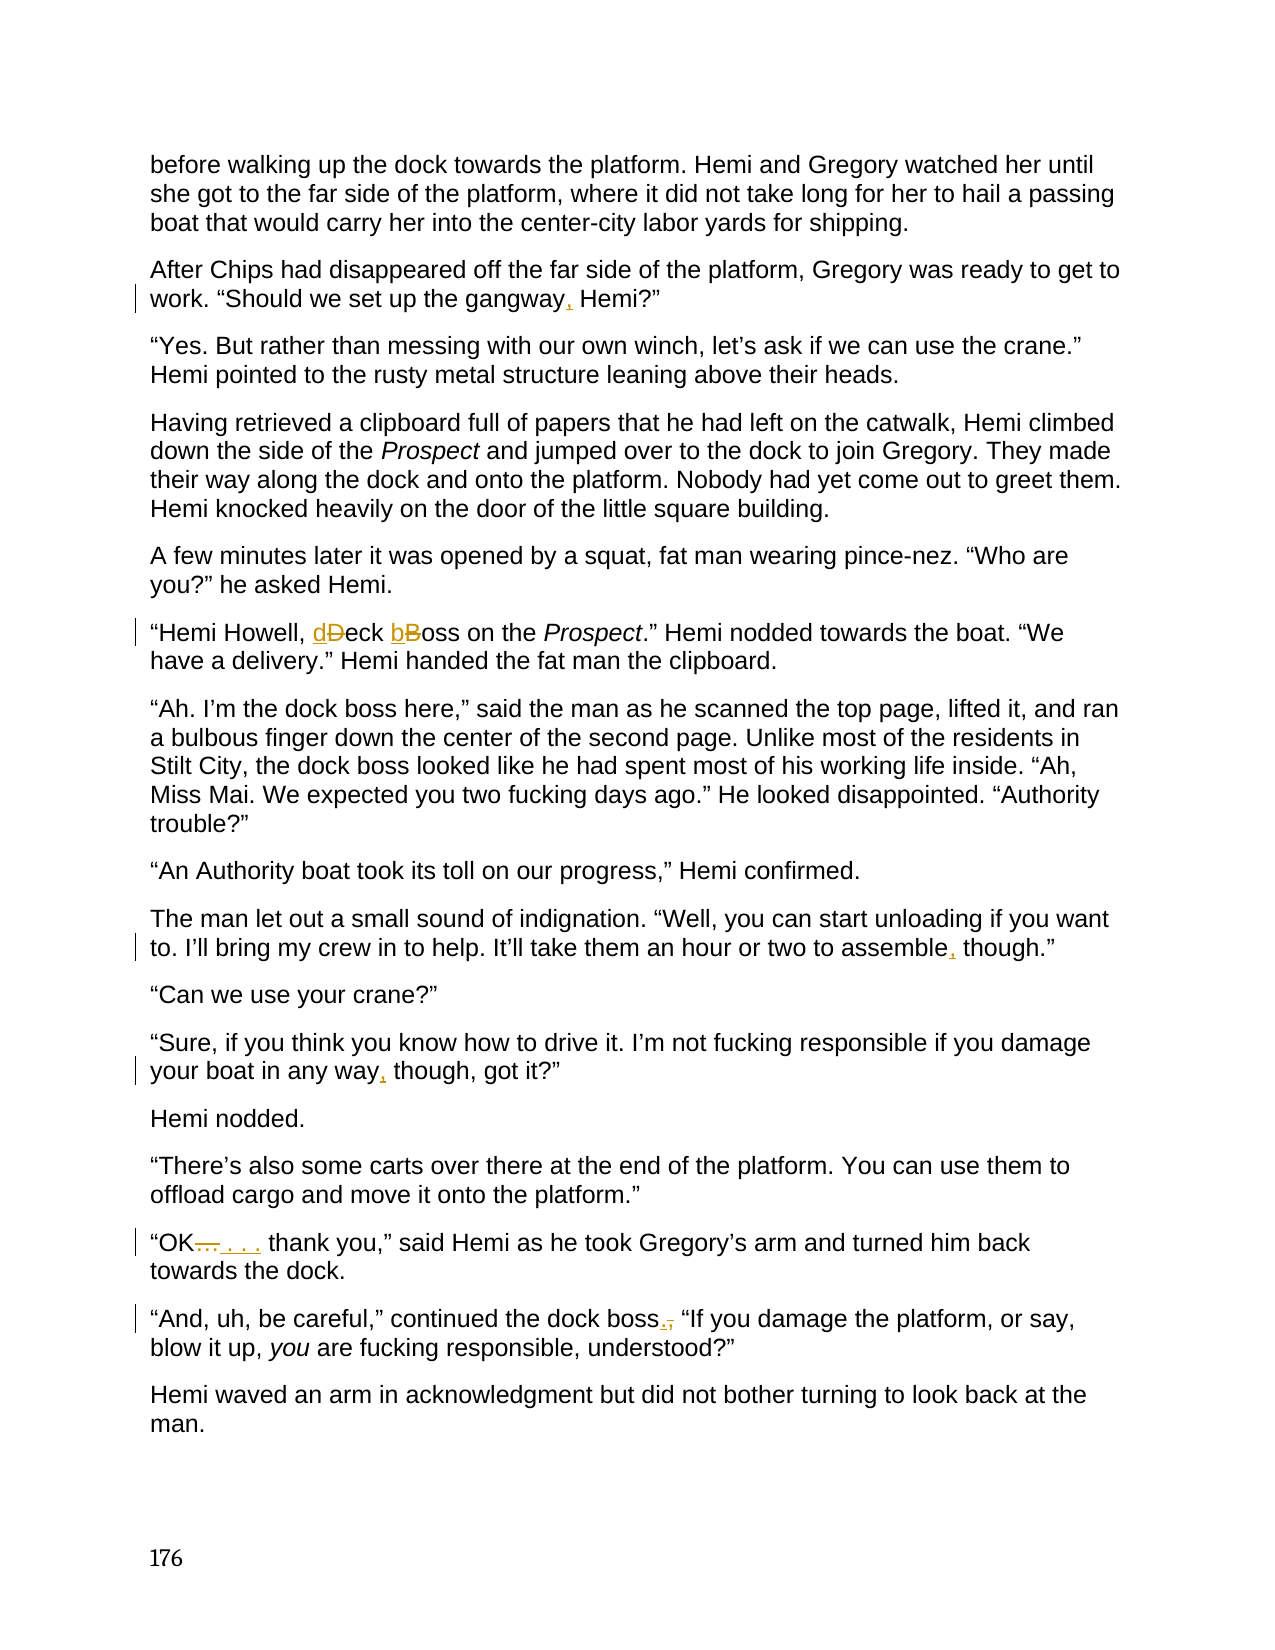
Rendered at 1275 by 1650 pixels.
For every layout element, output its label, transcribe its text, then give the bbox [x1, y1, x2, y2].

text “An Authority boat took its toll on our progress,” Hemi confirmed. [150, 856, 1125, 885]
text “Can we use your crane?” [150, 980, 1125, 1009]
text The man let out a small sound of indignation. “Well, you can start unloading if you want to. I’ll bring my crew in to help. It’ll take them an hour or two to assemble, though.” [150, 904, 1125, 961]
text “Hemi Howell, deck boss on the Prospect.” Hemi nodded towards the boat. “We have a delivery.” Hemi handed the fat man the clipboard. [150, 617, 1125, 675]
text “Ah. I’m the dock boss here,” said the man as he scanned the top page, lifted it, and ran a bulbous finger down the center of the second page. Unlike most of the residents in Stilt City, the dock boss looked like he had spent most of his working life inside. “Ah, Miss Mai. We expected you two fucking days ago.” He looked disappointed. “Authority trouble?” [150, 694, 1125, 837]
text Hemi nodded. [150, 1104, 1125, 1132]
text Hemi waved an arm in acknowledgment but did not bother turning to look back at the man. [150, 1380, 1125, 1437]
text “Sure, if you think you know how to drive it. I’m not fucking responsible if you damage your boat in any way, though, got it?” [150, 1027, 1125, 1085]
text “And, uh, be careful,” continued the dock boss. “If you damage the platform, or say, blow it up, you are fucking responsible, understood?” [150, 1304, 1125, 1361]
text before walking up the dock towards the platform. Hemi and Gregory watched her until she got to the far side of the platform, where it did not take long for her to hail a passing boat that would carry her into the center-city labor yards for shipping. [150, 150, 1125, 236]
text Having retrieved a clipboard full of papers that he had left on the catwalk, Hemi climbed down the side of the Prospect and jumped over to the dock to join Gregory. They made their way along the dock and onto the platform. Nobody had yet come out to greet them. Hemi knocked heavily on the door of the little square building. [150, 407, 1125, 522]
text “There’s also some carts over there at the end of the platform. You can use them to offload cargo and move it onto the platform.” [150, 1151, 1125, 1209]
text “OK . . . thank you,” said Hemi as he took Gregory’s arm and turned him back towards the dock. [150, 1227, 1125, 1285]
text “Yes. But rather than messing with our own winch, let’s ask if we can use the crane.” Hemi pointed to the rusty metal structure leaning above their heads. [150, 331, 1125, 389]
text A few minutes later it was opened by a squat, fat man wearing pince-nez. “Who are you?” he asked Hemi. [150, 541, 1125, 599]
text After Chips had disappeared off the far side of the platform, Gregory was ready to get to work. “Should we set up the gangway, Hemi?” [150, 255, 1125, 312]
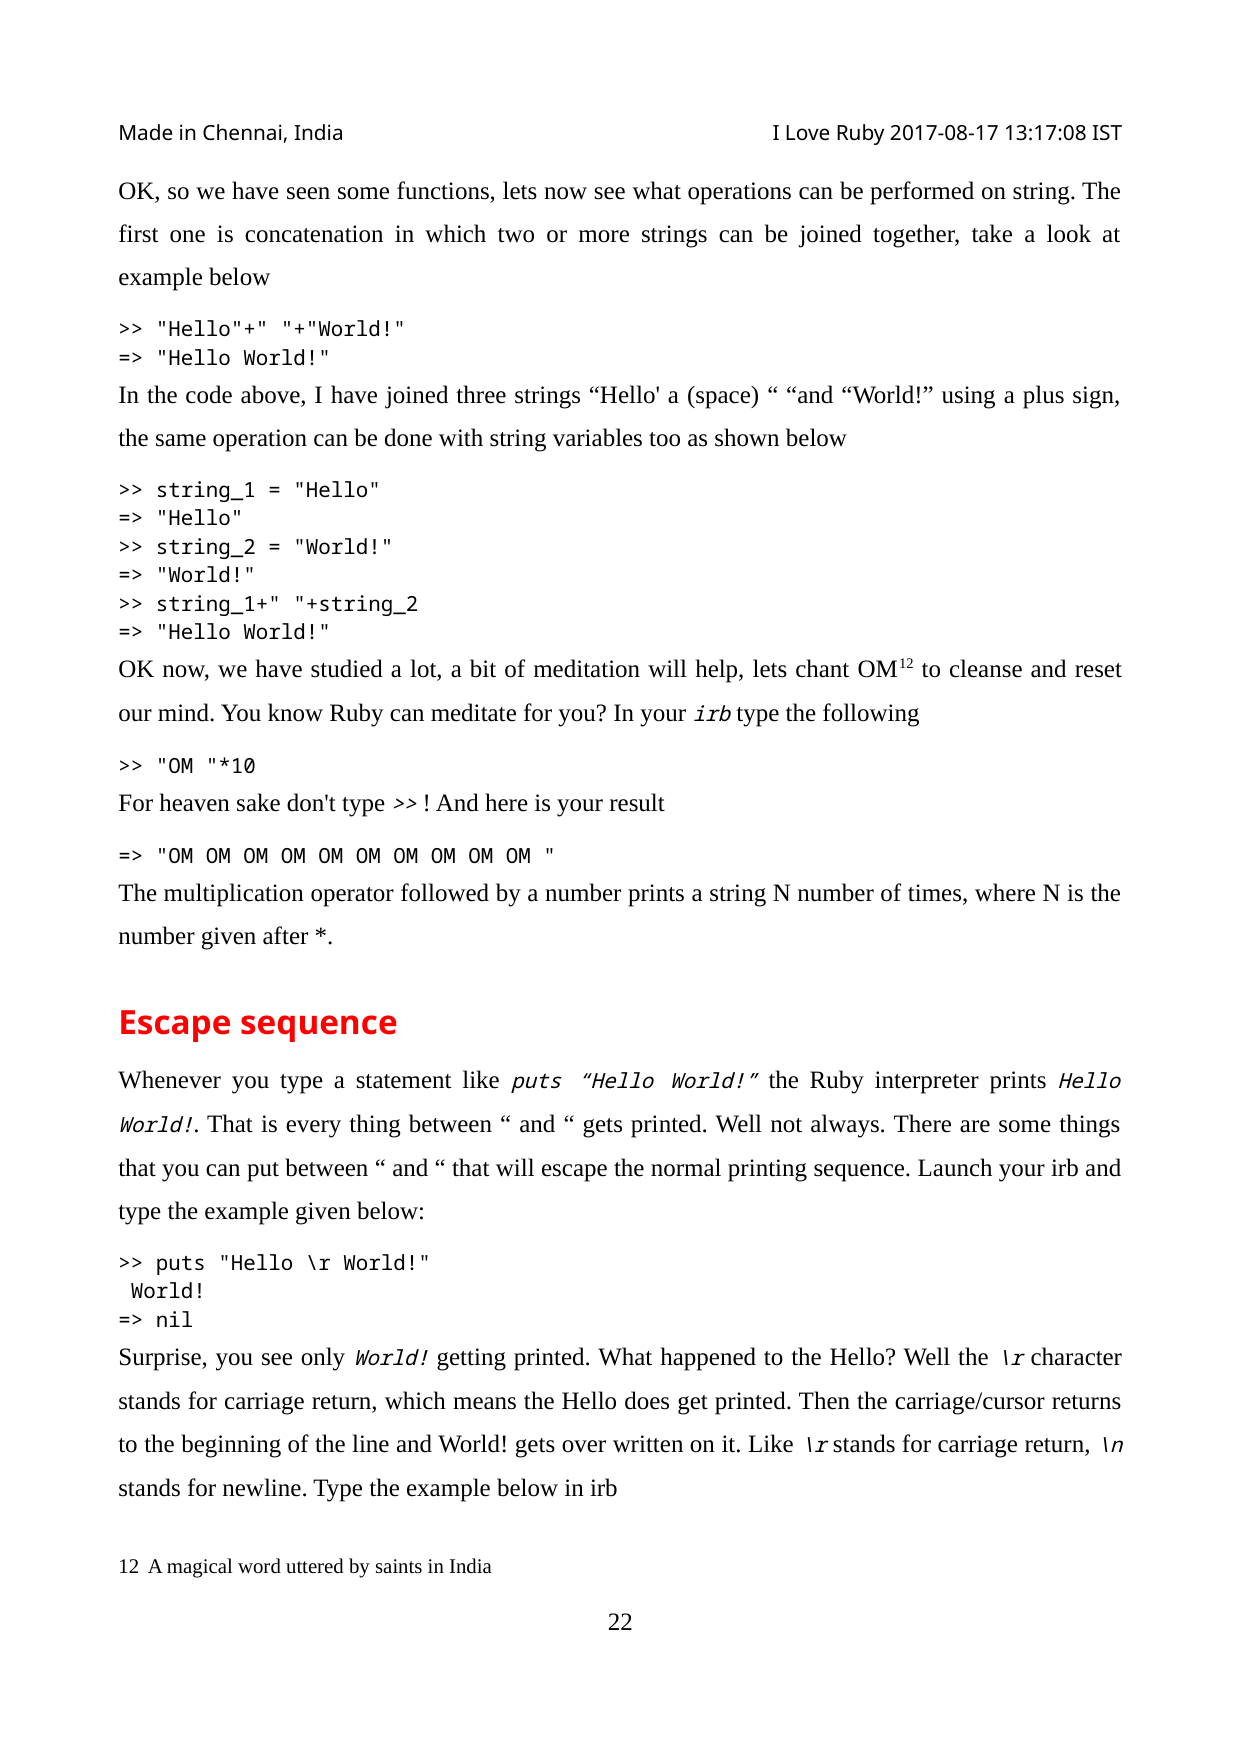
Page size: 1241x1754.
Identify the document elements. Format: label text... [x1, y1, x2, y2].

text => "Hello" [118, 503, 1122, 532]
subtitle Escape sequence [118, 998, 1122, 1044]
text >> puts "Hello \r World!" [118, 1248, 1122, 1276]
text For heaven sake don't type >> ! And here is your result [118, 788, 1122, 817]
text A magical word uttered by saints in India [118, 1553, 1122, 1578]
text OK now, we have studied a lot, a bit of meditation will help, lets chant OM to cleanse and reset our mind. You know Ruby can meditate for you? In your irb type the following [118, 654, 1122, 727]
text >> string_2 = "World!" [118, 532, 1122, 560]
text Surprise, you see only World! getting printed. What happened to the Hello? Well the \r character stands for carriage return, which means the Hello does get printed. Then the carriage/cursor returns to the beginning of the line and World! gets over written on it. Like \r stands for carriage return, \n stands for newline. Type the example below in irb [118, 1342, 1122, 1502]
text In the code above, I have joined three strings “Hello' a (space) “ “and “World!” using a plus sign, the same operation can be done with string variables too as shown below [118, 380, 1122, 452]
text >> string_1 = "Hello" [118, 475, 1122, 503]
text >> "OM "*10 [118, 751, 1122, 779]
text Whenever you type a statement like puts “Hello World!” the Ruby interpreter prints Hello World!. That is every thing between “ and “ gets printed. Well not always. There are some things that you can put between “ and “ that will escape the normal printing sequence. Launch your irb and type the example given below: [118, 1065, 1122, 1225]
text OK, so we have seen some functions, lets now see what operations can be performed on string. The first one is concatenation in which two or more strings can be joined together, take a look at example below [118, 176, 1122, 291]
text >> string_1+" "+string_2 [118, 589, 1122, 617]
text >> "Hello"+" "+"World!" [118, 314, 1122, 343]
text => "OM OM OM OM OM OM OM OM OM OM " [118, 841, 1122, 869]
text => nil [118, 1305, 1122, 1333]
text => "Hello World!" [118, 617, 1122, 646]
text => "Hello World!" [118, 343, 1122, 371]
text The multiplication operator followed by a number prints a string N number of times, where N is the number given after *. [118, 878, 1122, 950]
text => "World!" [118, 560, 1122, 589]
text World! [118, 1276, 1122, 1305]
· · ·
### Problem
Once you find the line with "Identify the document" in the entries above, output it and each line after it up to and including the line with "text >> string_2", and nothing else.

### Exercise response
Identify the document elements. Format: label text... [x1, y1, x2, y2].

text => "Hello" [118, 503, 1122, 532]
subtitle Escape sequence [118, 998, 1122, 1044]
text >> puts "Hello \r World!" [118, 1248, 1122, 1276]
text For heaven sake don't type >> ! And here is your result [118, 788, 1122, 817]
text A magical word uttered by saints in India [118, 1553, 1122, 1578]
text OK now, we have studied a lot, a bit of meditation will help, lets chant OM to cleanse and reset our mind. You know Ruby can meditate for you? In your irb type the following [118, 654, 1122, 727]
text >> string_2 = "World!" [118, 532, 1122, 560]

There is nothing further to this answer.